Sprach- und Sprechstörungen betreffen den Erwerb der Sprache bei Kindern (s. Sprachentwicklungsstörung) aber auch Störungen bei Erwachsenen, nachdem der Spracherwerb abgeschlossen ist. Meist wird der Begriff eingegrenzt auf Störungen der Lautsprache und bezieht sich auf die Fähigkeit, Gedanken und Informationen sprachlich ausdrücken zu können. Man unterscheidet hierbei die Planung und den Einsatz der Sprache (Wortschatz, Grammatik) und das Sprechen, also die Formung von Lauten zu Wörtern durch die Sprechorgane des Mundes und Rachens.

Sprach- und Sprechstörungen können Folge einer nicht vollständigen Sprachentwicklung im Kindesalter sein. Sie können aber auch später auftreten durch Krankheiten des Gehirns, der Nerven oder Sprechorgane. Das Risiko, eine
Sprach- und Sprechstörung zu bekommen, entspricht dabei dem für die ursächlichen Erkrankungen.

Regelmäßige Vorsorgeuntersuchungen können Risiken für das Entstehen einer ursächlichen Erkrankung frühzeitig erkennen.

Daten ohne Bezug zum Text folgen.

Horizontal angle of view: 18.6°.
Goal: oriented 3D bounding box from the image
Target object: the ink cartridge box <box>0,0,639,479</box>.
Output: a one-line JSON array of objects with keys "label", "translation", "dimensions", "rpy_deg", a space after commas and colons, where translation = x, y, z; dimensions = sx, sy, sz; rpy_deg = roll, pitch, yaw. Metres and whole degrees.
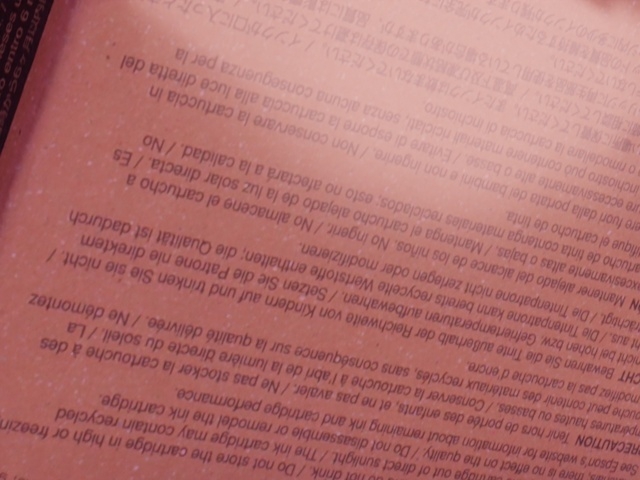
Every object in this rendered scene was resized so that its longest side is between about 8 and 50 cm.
[{"label": "ink cartridge box", "translation": [0.000, 0.000, 0.518], "dimensions": [0.235, 0.088, 0.193], "rpy_deg": [14, 103, -38]}]
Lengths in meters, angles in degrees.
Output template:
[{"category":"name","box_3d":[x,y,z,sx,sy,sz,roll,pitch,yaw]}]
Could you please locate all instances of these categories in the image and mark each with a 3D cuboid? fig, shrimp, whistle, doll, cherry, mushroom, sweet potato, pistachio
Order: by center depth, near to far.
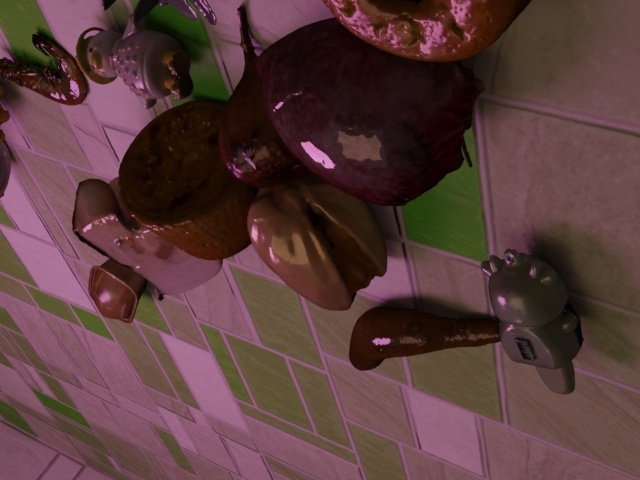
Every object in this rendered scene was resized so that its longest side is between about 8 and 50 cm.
[{"category":"cherry","box_3d":[0.040,-0.140,0.994,0.249,0.175,0.192,27,163,13]},{"category":"fig","box_3d":[-0.072,-0.165,1.144,0.201,0.146,0.134,62,-179,4]},{"category":"whistle","box_3d":[0.266,0.098,1.177,0.110,0.092,0.244,5,137,40]},{"category":"doll","box_3d":[-0.244,-0.233,1.248,0.207,0.081,0.129,18,127,33]},{"category":"pistachio","box_3d":[0.000,0.000,1.260,0.157,0.157,0.229,5,145,43]},{"category":"sweet potato","box_3d":[0.118,0.137,1.412,0.108,0.079,0.346,18,159,-30]},{"category":"shrimp","box_3d":[-0.428,-0.264,1.443,0.178,0.034,0.124,25,146,15]},{"category":"mushroom","box_3d":[-0.238,-0.044,1.471,0.173,0.162,0.236,-16,145,24]}]

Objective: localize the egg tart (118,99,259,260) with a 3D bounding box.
[{"category":"egg tart","box_3d":[-0.152,-0.071,1.295,0.202,0.203,0.147,15,158,32]}]

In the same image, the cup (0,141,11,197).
[{"category":"cup","box_3d":[-0.706,-0.121,1.744,0.226,0.241,0.185,14,160,22]}]

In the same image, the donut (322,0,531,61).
[{"category":"donut","box_3d":[0.087,-0.260,0.831,0.226,0.114,0.227,25,150,16]}]

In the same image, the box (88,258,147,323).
[{"category":"box","box_3d":[-0.387,0.095,1.842,0.111,0.111,0.177,34,151,3]}]

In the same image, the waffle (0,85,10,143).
[{"category":"waffle","box_3d":[-0.632,-0.228,1.585,0.249,0.056,0.253,-14,110,22]}]

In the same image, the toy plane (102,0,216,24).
[{"category":"toy plane","box_3d":[-0.193,-0.360,1.018,0.212,0.088,0.267,26,141,14]}]

Bei erworbenen Sprach- und Sprechstörungen fällt die Minderung oder der Verlust sprachlicher Fähigkeiten auf. Dies kann plötzlich auftreten oder auch langsam fortschreiten.
Manchmal kann eine Sprechstörung auch begleitet sein von anderen Einschränkungen der Sprechorgane, z.B. bei der Nahrungsaufnahme.

Die Diagnostik von Sprach- und Sprechstörungen umfasst alle Bereiche der Kommunikationsfähigkeit. Dies beinhaltet die ärztliche Untersuchung der Sprechorgane und Ohren, die Hördiagnostik und der differenzierten Erfassung sprachlicher Fähigkeiten.

Die Behandlung wird individuell abgestimmt auf die Art und das Ausmaß der Störung und beinhaltet häufig eine Übungstherapie.